このコラムをお読み頂いている方々は、“不動産”という言葉に馴染みがあるでしょうし、サラリーマン(公務員含む)であれば、“源泉徴収”が毎月されていることをご存じと思います。
でも、不動産(賃貸・売買)と源泉徴収の関係をご存じの方って、どれ位いらっしゃいますか?
“普通の生活”をしている限り、この2つが結びつくことは殆どありません。ところが、稀にこの結びつきを知っていないと、大変なことになる!という事実は、知識として知っていた方が良いと思い、今回のコラムのテーマに選びました。
日本の国税、所得税と法人税は“申告税”となっており、年に一度所得を本人が申告し、納税しています。サラリーマンは申告、納税という作業を雇用主(会社)が代理で行っています。申告は年一度ですから、納税も原則年一回です。ところが、納税を年一回にしてしまうと、年末までに納税資金を使ってしまう場合があります。そこで、“源泉徴収”と言う形で、賃金を支払う会社が納税の負担者(サラリーマン)から納税資金を預かり、定期的に税務署に事前に納税する制度が“源泉徴収制度”です。

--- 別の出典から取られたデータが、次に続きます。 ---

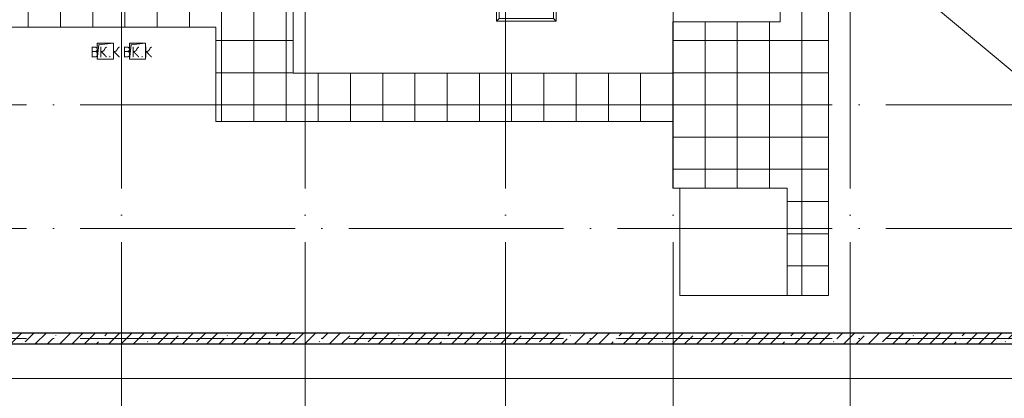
# Model space of a CAD drawing. Header units: millimetres. Extents: x -30540 to 150652, y -11730 to 123410.
# Tile 87 of 113: x 70041 to 88373, y 74333 to 81389. Entities that reach past the tile are written whole.
import ezdxf

# ---------------------------------------------------------------- set-up
doc = ezdxf.new("R2010")
doc.units = ezdxf.units.MM
doc.linetypes.add('ADSK_Линия сетки', pattern=[5000, 4000, -500, 0, -500])
for name, color, linetype, lineweight in [('A-____-NOTE-TEXT', 7, 'Continuous', 18), ('A-FLOR-____-OTLN', 7, 'Continuous', 18), ('A-GENM-____-OTLN', 7, 'Continuous', 18), ('A-ROOF-____-OTLN', 7, 'Continuous', 18), ('A-ROOF-____-PATT', 7, 'Continuous', 18), ('A-WALL-____-MCUT', 7, 'Continuous', 40), ('A-WALL-____-PATT', 7, 'Continuous', 40), ('M-EQPM-____-OTLN', 7, 'Continuous', 18), ('S-GRID-____-OTLN', 7, 'Continuous', 9)]:
    doc.layers.add(name, color=color, linetype=linetype, lineweight=lineweight)
doc.styles.add('GOST Common', font='GOST_Common.ttf', dxfattribs={"height": 200})

# ---------------------------------------------------------------- blocks, each defined once
blk = doc.blocks.new('АР_Канал вертикальный прямоугольный - ВК_К-6743302-Кровля ЭЛ')
at = {"layer": 'M-EQPM-____-OTLN', "lineweight": 13, "true_color": 0xe2e2e2}
blk.add_hatch(color=254, dxfattribs=at).paths.add_polyline_path([(-150, -150), (-120, 120), (150, 150), (-150, 150)])
at = {"layer": 'M-EQPM-____-OTLN', "color": 253, "lineweight": 13, "true_color": 0xaaaaaa}
for p, q in [((150, 150), (-150, 150)), ((-150, 150), (-150, -150)), ((150, 150), (-150, 150)), ((-150, 150), (-150, -150)), ((-150, -150), (-150, 150)), ((-150, 150), (150, 150)), ((-150, -150), (-120, 120)), ((-150, -150), (-120, 120)), ((-120, 120), (150, 150)), ((-120, 120), (150, 150)), ((150, -150), (150, 150)), ((150, 150), (150, -150)), ((-150, -150), (150, -150)), ((150, -150), (-150, -150))]:
    blk.add_line(p, q, dxfattribs=at)
blk = doc.blocks.new('_GM_Dt-St-D_Фартук гнутый из оцинкованной стали_Пристенный_Тип 1__c-верхняя кромка с отгибом_ - ФС-1_3_50х70У100-1_5_t__RAL7016-7873531-Кровля ЭЛ')
at = {"layer": 'A-GENM-____-OTLN', "color": 253, "lineweight": 13, "true_color": 0xaaaaaa}
for p, q in [((0, 50), (2833, 50)), ((50, 0), (0, 50)), ((50, 0), (2783, 0)), ((50, 0), (50, -1.5)), ((2833, 50), (2783, 0)), ((2783, -1.5), (2783, 0))]:
    blk.add_line(p, q, dxfattribs=at)
blk = doc.blocks.new('_GM_Dt-St-D_Фартук гнутый из оцинкованной стали_Пристенный_Тип 1__c-верхняя кромка с отгибом_ - ФС-1_3_50х70У100-1_5_t__RAL7016-7548135-Кровля ЭЛ')
at = {"layer": 'A-GENM-____-OTLN', "color": 253, "lineweight": 13, "true_color": 0xaaaaaa}
for p, q in [((0, 50), (1113, 50)), ((50, 0), (0, 50)), ((50, 0), (1063, 0)), ((50, 0), (50, -1)), ((1113, 50), (1063, 0)), ((1063, -1), (1063, 0))]:
    blk.add_line(p, q, dxfattribs=at)
blk = doc.blocks.new('_GM_Dt-St-D_Фартук гнутый из оцинкованной стали_Пристенный_Тип 1__c-верхняя кромка с отгибом_ - ФС-1_3_50х70У100-1_5_t__RAL7016-7873530-Кровля ЭЛ')
at = {"layer": 'A-GENM-____-OTLN', "color": 253, "lineweight": 13, "true_color": 0xaaaaaa}
for p, q in [((1310, 1.5), (0, 1.5)), ((1331.5, 0), (0, 0)), ((1331.5, 0), (1331.5, 1.5)), ((1381.5, -50), (50, -50)), ((1331.5, 0), (1381.5, -50))]:
    blk.add_line(p, q, dxfattribs=at)
blk = doc.blocks.new('Наметкина 10_РД_АР_К3_отсоединено_rvt-1-Кровля ЭЛ')
at = {"layer": 'A-ROOF-____-PATT', "lineweight": 5, "true_color": 0xd2d2d2}
h = blk.add_hatch(dxfattribs=at)
h.set_pattern_fill('FP_14', color=254, style=0, pattern_type=2)
h.set_pattern_definition([(0, (0, 0), (0, 600), []), (90, (0, 0), (-600, 4e-14), [])])
h.paths.add_polyline_path([(84990, 76250), (85102, 76250), (85102, 85261), (88675, 85261), (88675, 89725), (95725, 89725), (95725, 86172), (95752, 86172), (95752, 81329), (95725, 81329), (95725, 81020), (93155, 81020), (93155, 77690), (94055, 77690), (94055, 80120), (96625, 80120), (96625, 85950), (99800, 85950), (99800, 88410), (103092, 88410), (103092, 81075), (102295, 81075), (102295, 81065), (102045, 81065), (102045, 81075), (100100, 81075), (100100, 80175), (108900, 80175), (108900, 81422), (113980, 81422), (113980, 78900), (125861, 78900), (125861, 89310), (109999, 89310), (109999, 92648), (103092, 92648), (103092, 89310), (96676, 89310), (96676, 90625), (75677, 90625), (75677, 89725), (87775, 89725), (87775, 86161), (84202, 86161), (84202, 81350), (82202, 81350), (82202, 80390), (75135, 80390), (75135, 82150), (66605, 82150), (66605, 85800), (69729, 85800), (69729, 86800), (65705, 86800), (65705, 85850), (65735, 85850), (65735, 85550), (65705, 85550), (65705, 83050), (65735, 83050), (65735, 82750), (65705, 82750), (65705, 81250), (73695, 81250), (73695, 79490), (82202, 79490), (82202, 78250), (84332, 78250), (84332, 76250)])
h.paths.add_polyline_path([(114880, 79800), (114880, 82322), (108000, 82322), (108000, 81075), (104005, 81075), (104005, 91748), (109099, 91748), (109099, 85625), (114880, 85625), (114880, 88410), (124961, 88410), (124961, 85827), (125007, 85827), (125007, 83674), (124961, 83674), (124961, 79800), (117687, 79800)])
h.paths.add_polyline_path([(97735, 86000), (97705, 86000), (97705, 86300), (98005, 86300), (98005, 86000)])
h.paths.add_polyline_path([(113600, 86525), (109999, 86525), (109999, 88410), (113980, 88410), (113980, 86525)])
h.paths.add_polyline_path([(75625, 89725), (75625, 90625), (75605, 90625), (75605, 89725)])
at = {"layer": 'A-WALL-____-PATT', "lineweight": 5, "true_color": 0xaaaaaa}
h = blk.add_hatch(dxfattribs=at)
h.set_pattern_fill('FP_11', color=253, style=0, pattern_type=2)
h.set_pattern_definition([(45, (0, 0), (-228.0985, 228.0985), []), (45, (228.1, 0), (-228.0985, 228.0985), [403.225, -80.645, 6.706, -73.939])])
h.paths.add_polyline_path([(93705, 75350), (93705, 75550), (63825, 75550), (63825, 75350), (84990, 75350)])
at = {"layer": 'A-FLOR-____-OTLN', "color": 253, "lineweight": 13, "true_color": 0xaaaaaa}
for p, q in [((84332, 78250), (82332, 78250)), ((82332, 78250), (82332, 76250)), ((84332, 76250), (84332, 78250)), ((82332, 76250), (84332, 76250)), ((62975, 74700), (128255, 74700))]:
    blk.add_line(p, q, dxfattribs=at)
at = {"layer": 'A-ROOF-____-OTLN', "color": 253, "lineweight": 13, "true_color": 0xaaaaaa}
for p, q in [((84202, 81350), (84202, 86161)), ((85102, 85261), (85102, 76250)), ((85102, 83283), (89005, 80022)), ((75135, 80390), (75135, 82150)), ((65705, 81250), (73695, 81250)), ((73695, 81250), (73695, 79490)), ((82202, 81350), (84202, 81350)), ((82202, 80390), (82202, 81350)), ((75135, 80390), (82202, 80390)), ((82202, 79490), (73695, 79490)), ((82202, 78250), (82202, 79490)), ((82332, 78250), (82202, 78250)), ((85102, 76250), (84332, 76250))]:
    blk.add_line(p, q, dxfattribs=at)
at = {"layer": 'A-WALL-____-MCUT', "color": 253, "lineweight": 30, "true_color": 0xaaaaaa}
for p, q in [((93705, 75550), (63825, 75550)), ((63825, 75350), (93705, 75350))]:
    blk.add_line(p, q, dxfattribs=at)
at = {"layer": 'A-GENM-____-OTLN', "color": 253, "lineweight": 13, "true_color": 0xaaaaaa}
for name, p, rotation in [('_GM_Dt-St-D_Фартук гнутый из оцинкованной стали_Пристенный_Тип 1__c-верхняя кромка с отгибом_ - ФС-1_3_50х70У100-1_5_t__RAL7016-7873531-Кровля ЭЛ', (79982, 84192), 270.0000000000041), ('_GM_Dt-St-D_Фартук гнутый из оцинкованной стали_Пристенный_Тип 1__c-верхняя кромка с отгибом_ - ФС-1_3_50х70У100-1_5_t__RAL7016-7873530-Кровля ЭЛ', (78969, 82740), 269.9999999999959), ('_GM_Dt-St-D_Фартук гнутый из оцинкованной стали_Пристенный_Тип 1__c-верхняя кромка с отгибом_ - ФС-1_3_50х70У100-1_5_t__RAL7016-7548135-Кровля ЭЛ', (80032, 81409), 180)]:
    blk.add_blockref(name, p, dxfattribs=dict(at, rotation=rotation))
at = {"layer": 'M-EQPM-____-OTLN', "color": 253, "lineweight": 13, "true_color": 0xaaaaaa}
for p in [(71635, 80800), (72235, 80800)]:
    blk.add_blockref('АР_Канал вертикальный прямоугольный - ВК_К-6743302-Кровля ЭЛ', p, dxfattribs=at)
at = {"layer": 'A-____-NOTE-TEXT', "color": 253, "lineweight": 5, "true_color": 0xaaaaaa, "char_height": 200, "attachment_point": 1, "style": 'GOST Common'}
for s, insert, width in [('ВК', (71360, 80887), 400.84), ('\\fGOST Common|b0|i0|c204|p34|;К', (71757, 80887), 192.4), ('ВК', (71960, 80887), 400.84), ('\\fGOST Common|b0|i0|c204|p34|;К', (72357, 80887), 192.4), ('\\fGOST Common|b0|i0|c204|p34|;.', (71691, 80887), 80.17), ('\\fGOST Common|b0|i0|c204|p34|;.', (72291, 80887), 80.17)]:
    blk.add_mtext(s, dxfattribs=dict(at, insert=insert, width=width))

msp = doc.modelspace()

# ---------------------------------------------------------------- linework, layer by layer
at = {"layer": 'S-GRID-____-OTLN', "color": 253, "linetype": 'ADSK_Линия сетки', "true_color": 0xaaaaaa}
for p, q in [((71935.3, 53245.6), (71935.3, 100101.1)), ((75355.3, 53245.6), (75355.3, 100101.1)), ((79085.3, 53245.6), (79085.3, 100101.1)), ((82205.3, 53245.6), (82205.3, 100101.1)), ((85505.3, 53245.6), (85505.3, 100101.1)), ((135169, 79800), (62296.8, 79800)), ((135169, 77500), (62296.8, 77500)), ((135169, 75450), (62296.8, 75450))]:
    msp.add_line(p, q, dxfattribs=at)

# ---------------------------------------------------------------- block references
at = {"lineweight": 5}
msp.add_blockref('Наметкина 10_РД_АР_К3_отсоединено_rvt-1-Кровля ЭЛ', (0, 0), dxfattribs=at)

doc.saveas('drawing.dxf')

1年の締めくくりに、実際の所得を確定し納税額が決まったら、源泉徴収された額との差を調整します。サラリーマンの場合、源泉徴収額が多い場合には“年末調整”と言う形で戻ってきます。
さてここからが今回のコラムの本題。
では、不動産に関してどのような場合に“源泉徴収”が必要なのでしょうか?
ここでは身近な“賃貸”を引用してご説明します。
殆どの入居者様は、例えば家賃が10万円なら、10万円だけを大家さんに毎月支払います。これで毎月の支払義務は完了です。
ところが、もし大家さんが“外国人”の場合には“源泉徴収”が必要となります。ここでいう“外国人=非居住者”とは、海外に居住している外国人と、日本に住所を持たない日本人を言います。
例えば大家さんが“非居住者”で家賃が10万円の場合、入居者は源泉徴収率20.42%を差し引いた79,580円だけを大家さんに支払い、差額の20,420円を税務署に納税しなければなりません。
大家さんが非居住者の場合、税金の“取りっぱぐれない”ことを目的として、入居者から直接納税額の一部として、源泉徴収するというのが日本の税制です。
“大家が非居住者なのか分からない!”と感じますよね? でも、それは契約書を見れば分かります。
ここまでの既述では、“もしかしたら家賃に対して源泉徴収、納税しなければならない、そんなの面倒くさい!”と思ったと思います。しかし、実際には“居住用住居の家賃は源泉徴収の対象から外れます”ので、ご安心下さい。
問題なのは、店舗のような事業用不動産の賃貸。この場合、非居住者の大家さんに家賃を支払う際には源泉徴収し、入居者が納税する義務があります。事業者である以上、源泉徴収に関連する法令は知っていますよね!ということです!
ここまでは“賃貸”について説明しましたが、本当に問題になり得るのは“売買”です。もし、売主が非居住者の場合、買主に源泉徴収義務が生じます。但し、ここでも“居住用と事業用”で扱いが分かれ、更に“居住用でも金額によりその扱い”が分かれます。
・事業用不動産の買い手は源泉徴収・納税義務がある!
・居住用の場合、その不動産価格が1億円以上の場合、源泉徴収・納税義務がある!
だそうです。
今、日本の不動産が中国人等に“爆買い”されているのはご存じかと思います。もし、そのような不動産が売りに出た場合、居住用でもタワマンなら1億円越えは十分あり得ます。
1億円の売価だった場合、売り手に支払うべきは7958万円、残りの2042万円は買い手が税務署に納税することになります。もし、源泉徴収の仕組みを知らずに、売り手1億円支払ってしまっても、税務署は買い手の納税額2042万円を免除してはくれません、最悪“無申告、加算税を加えて納税”ということにもなりかねません。
私が国税庁に聞いた限りでは、このような事例は聞いたことはない!とは言っていましたが、それは私が聞いたお役人1人のお話、制度としては納税義務を果たさなければならないことは、知識として知っておいた方が良いと思います。